The pressures of COVID-19 exacerbated mental-health issues for many - and Blount and others witnessed the fallout, first-hand. He seized the opportunity to get educated, get trained, and volunteer with the National Suicide Prevention Lifeline.

“During my years of EMS, the thing I knew the least about was psychiatric emergencies,” said Blount. “I decided it would be important to learn something about it. Even for surgeons, it’s always important to have the skills to meet the patients where they are.”

THE FIRST PATIENT

Growing up 15 minutes away and having some familiarity with the Hackensack Meridian Health network, Blount found HMSOM a good fit for his pursuit of a medical degree. His interest in transplant surgery developed following a transplant immunology lecture during his first year. Shortly after, he co-founded the Transplant Surgery Club, which gives first year students a pager so they can shadow transplants as they are happening in the network. He also served as a peer mentor and tutor to many throughout his time in medical school.

Blount was also avidly involved out in the community. The major Community Health Project he undertook through the Human Dimension program was a program designed to catch up on student health screenings in the Paterson Public Schools. After COVID-19 threw the schedule behind by roughly two years, Blount and others performed 800 screenings that revealed vision problems, scoliosis, and other necessary proactive findings.

Research became a major thrust for him, as well. Presentations in the field of transplant surgery have taken him in recent years to conferences in Phoenix, San Francisco, and even Japan. Perhaps the most exciting finding he produced with colleagues was data showing that donor kidneys with sub-optimal perfusion numbers on preservation machines could still be suitable for transplant if they came from younger donors or had favorable biopsy results. That could mean that many more organs are viable than are traditionally believed - and more-life saving transplants might be performed than ever before.

Harder lessons were learned, too - Blount and his student partner had a VP participant in the Human Dimension who had diabetes and no teeth. They worked hard to help him improve his diet and even connect with a dental clinic. But unfortunately, COVID-19 came back around. The patient got sick, and after a battle in hospice, passed away.

“It was my first patient I lost,” he recalled. “It was meaningful, to learn how far he had come, and how we had worked together. It puts things into perspective.”

For Match Day, Blount hopes to pair with an institution in the Northeast which could allow him to pursue a general surgery residency. Only after five to seven years of that will he be able to specialize in abdominal transplant. His ultimate professional goal is to work at an academic medical center, operating, teaching, and leading.

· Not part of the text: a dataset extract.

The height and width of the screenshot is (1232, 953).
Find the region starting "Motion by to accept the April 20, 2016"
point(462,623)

A CHANCE ENCOUNTER IN THE O.R.

With his free time, Blount is training for a Spartan Race, and has self-taught himself piano, from “Clair de Lune” to Chopin’s Nocturnes, note by note.

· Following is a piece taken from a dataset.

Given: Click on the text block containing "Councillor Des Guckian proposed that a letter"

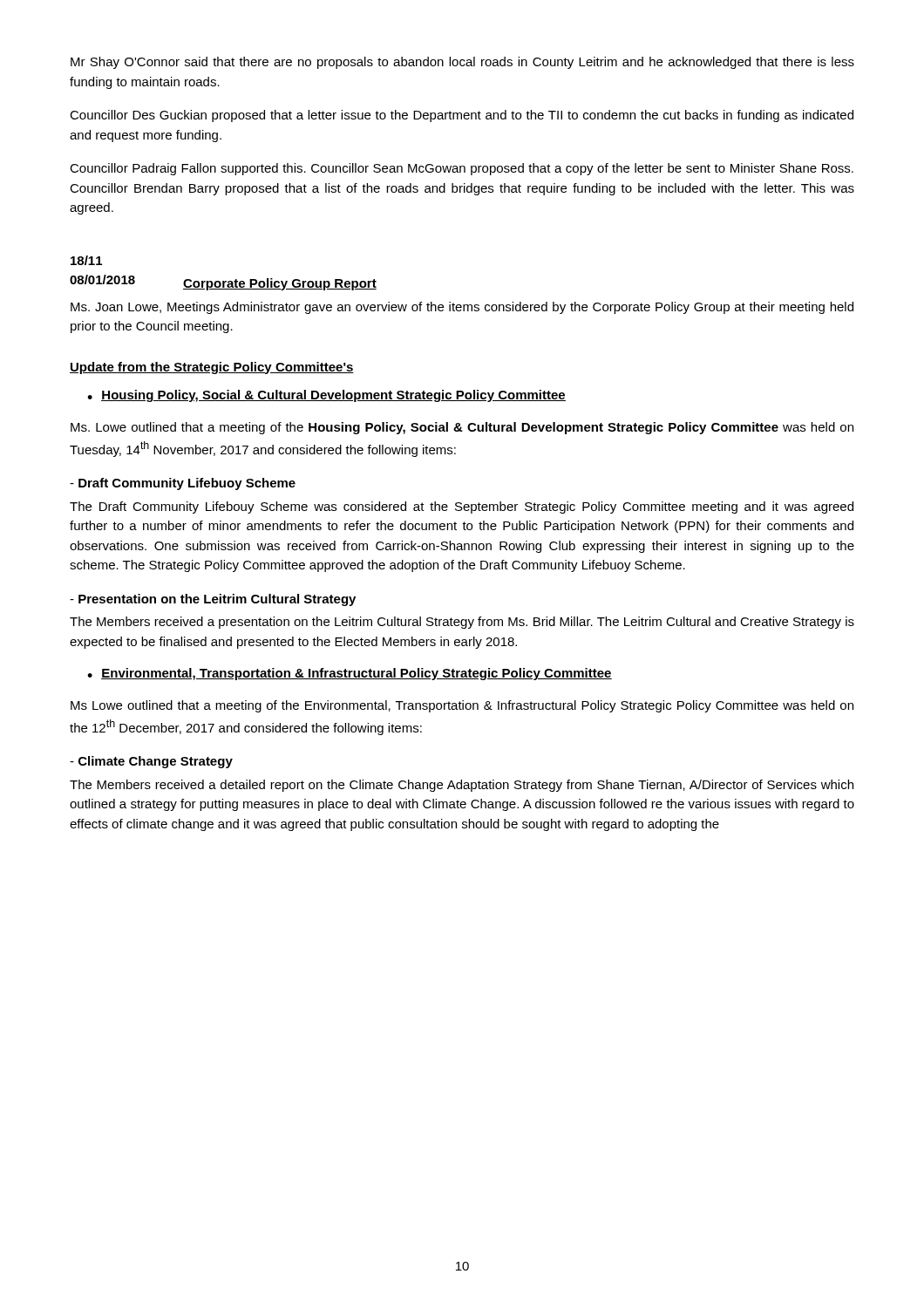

His ultimate personal goal is to find a good balance between professional and personal time, which is always the challenge with a medical career in its early stages.

Growing up in Glen Rock, the oldest of four children, Blount played varsity basketball in high school. His younger siblings are growing up healthy - and that sister has recovered well.

Recently that initial inspiration all those years ago, as a boy, came rushing back - and in person. Though his sister had her surgery at New York University, the name he saw listed next to his own during his clerkship looked very, very familiar.

“By chance I ended up scrubbing in with one of those very surgeons on my clerkship at Hackensack who had operated on her 12 years prior,” Blount recalled recently. “It reminded me of why I am on this path.”